┏━━

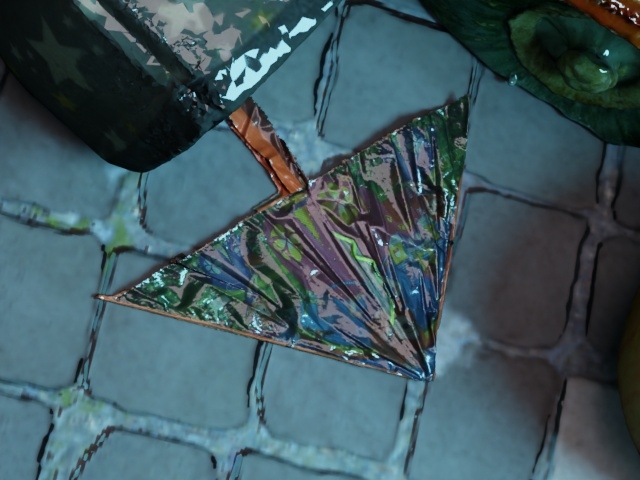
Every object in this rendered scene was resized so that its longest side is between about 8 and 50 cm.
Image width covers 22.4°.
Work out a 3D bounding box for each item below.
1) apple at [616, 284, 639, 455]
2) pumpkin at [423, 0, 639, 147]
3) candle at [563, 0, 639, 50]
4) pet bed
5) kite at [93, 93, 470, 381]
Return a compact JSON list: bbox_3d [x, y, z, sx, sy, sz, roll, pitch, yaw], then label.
[{"bbox_3d":[0.253,0.067,0.818,0.209,0.164,0.209,4,76,-16],"label":"apple"},{"bbox_3d":[0.186,-0.217,0.844,0.293,0.197,0.263,33,70,-9],"label":"pumpkin"},{"bbox_3d":[0.174,-0.098,0.755,0.329,0.048,0.051,27,105,-19],"label":"candle"},{"bbox_3d":[-0.067,-0.158,0.773,0.159,0.183,0.211,44,73,-10],"label":"pet bed"},{"bbox_3d":[0.000,0.000,0.845,0.232,0.009,0.189,-33,89,-19],"label":"kite"}]

┗━━

Your goal
Only the lines from the one holding "3) candle at [563, 0, 639, 50]" through the end of the listing should be given again, exactly and with both ends included.

Solution to this task
3) candle at [563, 0, 639, 50]
4) pet bed
5) kite at [93, 93, 470, 381]
Return a compact JSON list: bbox_3d [x, y, z, sx, sy, sz, roll, pitch, yaw], then label.
[{"bbox_3d":[0.253,0.067,0.818,0.209,0.164,0.209,4,76,-16],"label":"apple"},{"bbox_3d":[0.186,-0.217,0.844,0.293,0.197,0.263,33,70,-9],"label":"pumpkin"},{"bbox_3d":[0.174,-0.098,0.755,0.329,0.048,0.051,27,105,-19],"label":"candle"},{"bbox_3d":[-0.067,-0.158,0.773,0.159,0.183,0.211,44,73,-10],"label":"pet bed"},{"bbox_3d":[0.000,0.000,0.845,0.232,0.009,0.189,-33,89,-19],"label":"kite"}]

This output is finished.